What you need to do> An exact repetition of all the entries that follow is required.

Raw data>
== Segment start ==
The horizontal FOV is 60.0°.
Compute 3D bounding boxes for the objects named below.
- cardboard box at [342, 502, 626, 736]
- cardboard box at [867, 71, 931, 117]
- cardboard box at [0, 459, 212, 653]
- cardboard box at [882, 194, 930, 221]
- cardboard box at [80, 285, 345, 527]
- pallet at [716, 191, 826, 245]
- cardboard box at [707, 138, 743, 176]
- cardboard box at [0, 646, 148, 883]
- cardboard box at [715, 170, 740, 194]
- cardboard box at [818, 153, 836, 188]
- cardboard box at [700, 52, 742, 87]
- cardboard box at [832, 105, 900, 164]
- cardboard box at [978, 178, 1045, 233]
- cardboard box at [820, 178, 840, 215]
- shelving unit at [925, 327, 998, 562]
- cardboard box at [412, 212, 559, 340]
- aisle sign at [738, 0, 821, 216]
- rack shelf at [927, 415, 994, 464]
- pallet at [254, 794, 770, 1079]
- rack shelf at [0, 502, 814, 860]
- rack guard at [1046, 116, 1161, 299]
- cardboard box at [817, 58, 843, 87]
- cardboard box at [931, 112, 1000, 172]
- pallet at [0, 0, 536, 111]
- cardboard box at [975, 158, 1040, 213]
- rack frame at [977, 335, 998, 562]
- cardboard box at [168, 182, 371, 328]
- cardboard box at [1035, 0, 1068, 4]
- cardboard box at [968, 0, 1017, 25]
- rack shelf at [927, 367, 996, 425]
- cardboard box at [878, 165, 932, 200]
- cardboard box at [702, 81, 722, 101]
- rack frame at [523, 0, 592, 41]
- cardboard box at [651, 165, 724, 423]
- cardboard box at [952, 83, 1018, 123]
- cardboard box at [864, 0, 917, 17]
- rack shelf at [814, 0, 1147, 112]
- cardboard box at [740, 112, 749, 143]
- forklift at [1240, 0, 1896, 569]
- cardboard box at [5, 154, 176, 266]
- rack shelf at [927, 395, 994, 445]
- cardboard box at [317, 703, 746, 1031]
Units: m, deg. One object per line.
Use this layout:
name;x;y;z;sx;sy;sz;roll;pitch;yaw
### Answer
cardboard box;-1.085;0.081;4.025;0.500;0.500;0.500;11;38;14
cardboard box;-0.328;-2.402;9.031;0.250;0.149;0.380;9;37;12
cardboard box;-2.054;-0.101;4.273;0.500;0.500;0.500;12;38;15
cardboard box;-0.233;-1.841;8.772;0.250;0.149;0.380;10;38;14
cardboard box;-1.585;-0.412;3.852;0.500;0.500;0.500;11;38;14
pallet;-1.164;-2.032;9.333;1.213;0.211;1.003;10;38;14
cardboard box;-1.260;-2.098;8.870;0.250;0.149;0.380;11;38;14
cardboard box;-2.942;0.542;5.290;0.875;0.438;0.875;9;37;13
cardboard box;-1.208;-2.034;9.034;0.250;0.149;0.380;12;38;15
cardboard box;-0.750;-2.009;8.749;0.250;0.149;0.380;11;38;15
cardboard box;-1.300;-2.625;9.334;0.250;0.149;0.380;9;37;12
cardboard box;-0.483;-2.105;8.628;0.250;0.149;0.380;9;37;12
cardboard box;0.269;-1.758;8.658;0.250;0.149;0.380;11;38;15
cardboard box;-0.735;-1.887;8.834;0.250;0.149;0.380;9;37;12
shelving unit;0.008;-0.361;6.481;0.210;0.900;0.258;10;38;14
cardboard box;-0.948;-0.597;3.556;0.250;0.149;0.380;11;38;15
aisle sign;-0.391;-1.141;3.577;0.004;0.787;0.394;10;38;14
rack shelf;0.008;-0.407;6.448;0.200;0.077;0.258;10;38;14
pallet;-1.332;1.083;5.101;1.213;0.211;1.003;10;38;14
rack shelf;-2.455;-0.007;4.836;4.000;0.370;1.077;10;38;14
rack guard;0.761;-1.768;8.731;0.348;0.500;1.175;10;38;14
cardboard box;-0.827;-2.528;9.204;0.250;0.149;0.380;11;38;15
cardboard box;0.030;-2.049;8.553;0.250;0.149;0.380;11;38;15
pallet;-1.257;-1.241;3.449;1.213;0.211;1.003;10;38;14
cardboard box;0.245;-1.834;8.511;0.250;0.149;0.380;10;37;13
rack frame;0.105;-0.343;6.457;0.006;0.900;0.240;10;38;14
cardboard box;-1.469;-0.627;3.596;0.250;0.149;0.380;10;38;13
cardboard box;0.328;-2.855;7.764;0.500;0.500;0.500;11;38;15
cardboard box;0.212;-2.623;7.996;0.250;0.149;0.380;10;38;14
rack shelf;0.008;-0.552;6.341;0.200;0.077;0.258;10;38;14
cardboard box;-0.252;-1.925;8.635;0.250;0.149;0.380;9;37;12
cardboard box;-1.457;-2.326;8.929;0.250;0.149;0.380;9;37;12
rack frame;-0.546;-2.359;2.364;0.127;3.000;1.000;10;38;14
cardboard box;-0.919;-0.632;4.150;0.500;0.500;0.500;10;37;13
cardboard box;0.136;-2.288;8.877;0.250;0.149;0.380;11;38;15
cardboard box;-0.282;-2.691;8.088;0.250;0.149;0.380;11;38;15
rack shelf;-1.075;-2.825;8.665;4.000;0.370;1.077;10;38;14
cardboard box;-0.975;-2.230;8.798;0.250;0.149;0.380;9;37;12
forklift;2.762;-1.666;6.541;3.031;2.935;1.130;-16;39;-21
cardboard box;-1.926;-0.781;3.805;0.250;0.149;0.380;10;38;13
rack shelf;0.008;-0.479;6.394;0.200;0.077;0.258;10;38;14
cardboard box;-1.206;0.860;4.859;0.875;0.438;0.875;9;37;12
== Segment end ==
Response>
The horizontal FOV is 60.0°.
Compute 3D bounding boxes for the objects named below.
- cardboard box at [342, 502, 626, 736]
- cardboard box at [867, 71, 931, 117]
- cardboard box at [0, 459, 212, 653]
- cardboard box at [882, 194, 930, 221]
- cardboard box at [80, 285, 345, 527]
- pallet at [716, 191, 826, 245]
- cardboard box at [707, 138, 743, 176]
- cardboard box at [0, 646, 148, 883]
- cardboard box at [715, 170, 740, 194]
- cardboard box at [818, 153, 836, 188]
- cardboard box at [700, 52, 742, 87]
- cardboard box at [832, 105, 900, 164]
- cardboard box at [978, 178, 1045, 233]
- cardboard box at [820, 178, 840, 215]
- shelving unit at [925, 327, 998, 562]
- cardboard box at [412, 212, 559, 340]
- aisle sign at [738, 0, 821, 216]
- rack shelf at [927, 415, 994, 464]
- pallet at [254, 794, 770, 1079]
- rack shelf at [0, 502, 814, 860]
- rack guard at [1046, 116, 1161, 299]
- cardboard box at [817, 58, 843, 87]
- cardboard box at [931, 112, 1000, 172]
- pallet at [0, 0, 536, 111]
- cardboard box at [975, 158, 1040, 213]
- rack frame at [977, 335, 998, 562]
- cardboard box at [168, 182, 371, 328]
- cardboard box at [1035, 0, 1068, 4]
- cardboard box at [968, 0, 1017, 25]
- rack shelf at [927, 367, 996, 425]
- cardboard box at [878, 165, 932, 200]
- cardboard box at [702, 81, 722, 101]
- rack frame at [523, 0, 592, 41]
- cardboard box at [651, 165, 724, 423]
- cardboard box at [952, 83, 1018, 123]
- cardboard box at [864, 0, 917, 17]
- rack shelf at [814, 0, 1147, 112]
- cardboard box at [740, 112, 749, 143]
- forklift at [1240, 0, 1896, 569]
- cardboard box at [5, 154, 176, 266]
- rack shelf at [927, 395, 994, 445]
- cardboard box at [317, 703, 746, 1031]
Units: m, deg. One object per line.
Use this layout:
name;x;y;z;sx;sy;sz;roll;pitch;yaw
### Answer
cardboard box;-1.085;0.081;4.025;0.500;0.500;0.500;11;38;14
cardboard box;-0.328;-2.402;9.031;0.250;0.149;0.380;9;37;12
cardboard box;-2.054;-0.101;4.273;0.500;0.500;0.500;12;38;15
cardboard box;-0.233;-1.841;8.772;0.250;0.149;0.380;10;38;14
cardboard box;-1.585;-0.412;3.852;0.500;0.500;0.500;11;38;14
pallet;-1.164;-2.032;9.333;1.213;0.211;1.003;10;38;14
cardboard box;-1.260;-2.098;8.870;0.250;0.149;0.380;11;38;14
cardboard box;-2.942;0.542;5.290;0.875;0.438;0.875;9;37;13
cardboard box;-1.208;-2.034;9.034;0.250;0.149;0.380;12;38;15
cardboard box;-0.750;-2.009;8.749;0.250;0.149;0.380;11;38;15
cardboard box;-1.300;-2.625;9.334;0.250;0.149;0.380;9;37;12
cardboard box;-0.483;-2.105;8.628;0.250;0.149;0.380;9;37;12
cardboard box;0.269;-1.758;8.658;0.250;0.149;0.380;11;38;15
cardboard box;-0.735;-1.887;8.834;0.250;0.149;0.380;9;37;12
shelving unit;0.008;-0.361;6.481;0.210;0.900;0.258;10;38;14
cardboard box;-0.948;-0.597;3.556;0.250;0.149;0.380;11;38;15
aisle sign;-0.391;-1.141;3.577;0.004;0.787;0.394;10;38;14
rack shelf;0.008;-0.407;6.448;0.200;0.077;0.258;10;38;14
pallet;-1.332;1.083;5.101;1.213;0.211;1.003;10;38;14
rack shelf;-2.455;-0.007;4.836;4.000;0.370;1.077;10;38;14
rack guard;0.761;-1.768;8.731;0.348;0.500;1.175;10;38;14
cardboard box;-0.827;-2.528;9.204;0.250;0.149;0.380;11;38;15
cardboard box;0.030;-2.049;8.553;0.250;0.149;0.380;11;38;15
pallet;-1.257;-1.241;3.449;1.213;0.211;1.003;10;38;14
cardboard box;0.245;-1.834;8.511;0.250;0.149;0.380;10;37;13
rack frame;0.105;-0.343;6.457;0.006;0.900;0.240;10;38;14
cardboard box;-1.469;-0.627;3.596;0.250;0.149;0.380;10;38;13
cardboard box;0.328;-2.855;7.764;0.500;0.500;0.500;11;38;15
cardboard box;0.212;-2.623;7.996;0.250;0.149;0.380;10;38;14
rack shelf;0.008;-0.552;6.341;0.200;0.077;0.258;10;38;14
cardboard box;-0.252;-1.925;8.635;0.250;0.149;0.380;9;37;12
cardboard box;-1.457;-2.326;8.929;0.250;0.149;0.380;9;37;12
rack frame;-0.546;-2.359;2.364;0.127;3.000;1.000;10;38;14
cardboard box;-0.919;-0.632;4.150;0.500;0.500;0.500;10;37;13
cardboard box;0.136;-2.288;8.877;0.250;0.149;0.380;11;38;15
cardboard box;-0.282;-2.691;8.088;0.250;0.149;0.380;11;38;15
rack shelf;-1.075;-2.825;8.665;4.000;0.370;1.077;10;38;14
cardboard box;-0.975;-2.230;8.798;0.250;0.149;0.380;9;37;12
forklift;2.762;-1.666;6.541;3.031;2.935;1.130;-16;39;-21
cardboard box;-1.926;-0.781;3.805;0.250;0.149;0.380;10;38;13
rack shelf;0.008;-0.479;6.394;0.200;0.077;0.258;10;38;14
cardboard box;-1.206;0.860;4.859;0.875;0.438;0.875;9;37;12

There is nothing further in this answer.